A Ordem da manifestação de cristo

7 de janeiro 

   

   

1º. O nascimento de Cristo foi manifestado em primeiro lugar aos pastores, no dia mesmo do nascimento de Cristo. Com efeito, diz o Evangelho de Lucas: « Ora, naquela mesma região, havia uns pastores que velavam e faziam de noite a guarda ao seu rebanho. E depois que os anjos se retiraram deles para o céu, os pastores diziam entre si: vamos até Belém. E foram com grande pressa » (Lc 2, 8, 15, 16).

  

2º. Os magos chegaram a Cristo treze dias depois de seu nascimento, dia no qual se celebra a Epifania.

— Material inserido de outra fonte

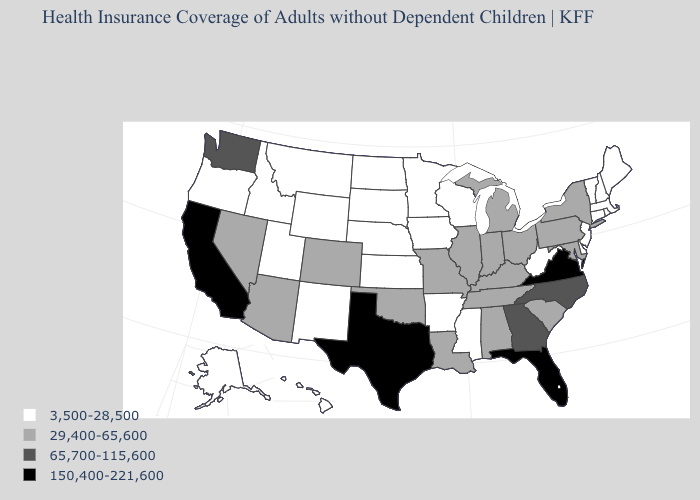Name the states that have a value in the range 29,400-65,600?
Answer briefly. Alabama, Arizona, Colorado, Illinois, Indiana, Kentucky, Louisiana, Maryland, Michigan, Missouri, Nevada, New York, Ohio, Oklahoma, Pennsylvania, South Carolina, Tennessee. What is the lowest value in the USA?
Be succinct. 3,500-28,500. Does Michigan have a higher value than Illinois?
Concise answer only. No. Does New Jersey have the same value as Arkansas?
Keep it brief. Yes. Among the states that border Iowa , does Illinois have the highest value?
Quick response, please. Yes. Among the states that border New York , does Pennsylvania have the highest value?
Keep it brief. Yes. Among the states that border Connecticut , which have the lowest value?
Concise answer only. Massachusetts, Rhode Island. What is the lowest value in the MidWest?
Short answer required. 3,500-28,500. Name the states that have a value in the range 65,700-115,600?
Give a very brief answer. Georgia, North Carolina, Washington. Which states have the lowest value in the USA?
Quick response, please. Alaska, Arkansas, Connecticut, Delaware, Hawaii, Idaho, Iowa, Kansas, Maine, Massachusetts, Minnesota, Mississippi, Montana, Nebraska, New Hampshire, New Jersey, New Mexico, North Dakota, Oregon, Rhode Island, South Dakota, Utah, Vermont, West Virginia, Wisconsin, Wyoming. Name the states that have a value in the range 3,500-28,500?
Write a very short answer. Alaska, Arkansas, Connecticut, Delaware, Hawaii, Idaho, Iowa, Kansas, Maine, Massachusetts, Minnesota, Mississippi, Montana, Nebraska, New Hampshire, New Jersey, New Mexico, North Dakota, Oregon, Rhode Island, South Dakota, Utah, Vermont, West Virginia, Wisconsin, Wyoming. Which states have the lowest value in the Northeast?
Answer briefly. Connecticut, Maine, Massachusetts, New Hampshire, New Jersey, Rhode Island, Vermont. What is the highest value in the MidWest ?
Keep it brief. 29,400-65,600. Which states have the highest value in the USA?
Concise answer only. California, Florida, Texas, Virginia. Which states have the lowest value in the USA?
Answer briefly. Alaska, Arkansas, Connecticut, Delaware, Hawaii, Idaho, Iowa, Kansas, Maine, Massachusetts, Minnesota, Mississippi, Montana, Nebraska, New Hampshire, New Jersey, New Mexico, North Dakota, Oregon, Rhode Island, South Dakota, Utah, Vermont, West Virginia, Wisconsin, Wyoming. 
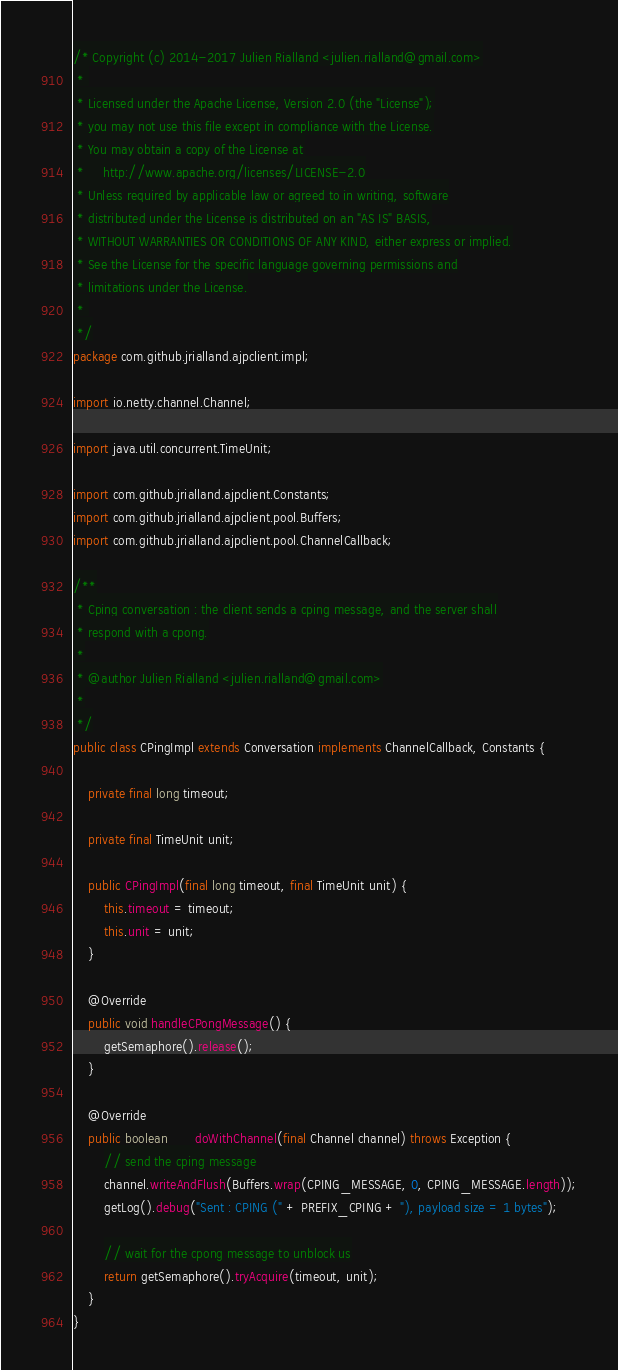<code> <loc_0><loc_0><loc_500><loc_500><_Java_>/* Copyright (c) 2014-2017 Julien Rialland <julien.rialland@gmail.com>
 * 
 * Licensed under the Apache License, Version 2.0 (the "License");
 * you may not use this file except in compliance with the License.
 * You may obtain a copy of the License at
 *     http://www.apache.org/licenses/LICENSE-2.0
 * Unless required by applicable law or agreed to in writing, software
 * distributed under the License is distributed on an "AS IS" BASIS,
 * WITHOUT WARRANTIES OR CONDITIONS OF ANY KIND, either express or implied.
 * See the License for the specific language governing permissions and
 * limitations under the License.
 * 
 */
package com.github.jrialland.ajpclient.impl;

import io.netty.channel.Channel;

import java.util.concurrent.TimeUnit;

import com.github.jrialland.ajpclient.Constants;
import com.github.jrialland.ajpclient.pool.Buffers;
import com.github.jrialland.ajpclient.pool.ChannelCallback;

/**
 * Cping conversation : the client sends a cping message, and the server shall
 * respond with a cpong.
 *
 * @author Julien Rialland <julien.rialland@gmail.com>
 *
 */
public class CPingImpl extends Conversation implements ChannelCallback, Constants {

	private final long timeout;

	private final TimeUnit unit;

	public CPingImpl(final long timeout, final TimeUnit unit) {
		this.timeout = timeout;
		this.unit = unit;
	}

	@Override
	public void handleCPongMessage() {
		getSemaphore().release();
	}

	@Override
	public boolean __doWithChannel(final Channel channel) throws Exception {
		// send the cping message
		channel.writeAndFlush(Buffers.wrap(CPING_MESSAGE, 0, CPING_MESSAGE.length));
		getLog().debug("Sent : CPING (" + PREFIX_CPING + "), payload size = 1 bytes");

		// wait for the cpong message to unblock us
		return getSemaphore().tryAcquire(timeout, unit);
	}
}
</code>

Pois se tivessem vindo um ano depois ou passado dois anos, não o teriam encontrado em Belém, pois o Evangelho de Lucas diz: « Depois que cumpriram tudo, segundo o que mandava a lei do Senhor, isto é, depois de ter oferecido o menino Jesus no Templo,  voltaram para a Galiléia, para a sua cidade de Nazaré » (Lc 2, 39).

   

3º. Foi manifestado aos justos no templo, quarenta dias depois do nascimento, como diz o Evangelho de Lucas. (Lc 2, 22).

   

Eis a razão de tal ordem. Os pastores simbolizam os apóstolos e os outros crentes os judeus, aos quais foi manifestada em primeiro lugar a fé em Cristo, entre eles, como diz a primeira Carta aos Coríntios, não havia « nem muitos poderosos, nem muitos nobres » (1 Cor 1, 26)

  

Em segundo lugar, a fé em Cristo chegou à totalidade das nações, prefigurada pelos magos.

   

E, finalmente, chegou à totalidade dos judeus, prefigurada pelos justos.  E, por isso, Cristo foi-lhes manifestado no templo dos judeus.

   

Portanto, deve-se dizer que a manifestação do nascimento de Cristo foi uma antecipação da manifestação plena que haveria de vir. E assim como na segunda manifestação a graça de Cristo foi anunciada por Cristo e por seus apóstolos, primeiro aos judeus, e depois aos pagãos, assim também, os primeiros a aproximar-se de Cristo foram os pastores, que eram as primícias dos judeus e estavam perto; depois vieram os magos, de longe, como primícias dos pagãos, na expressão de Santo Agostinho.

   

III. q. 36, a. 6 et a. 3 ad 1m.

        

(P. D. Mézard, O. P., Meditationes ex Operibus S. Thomae.)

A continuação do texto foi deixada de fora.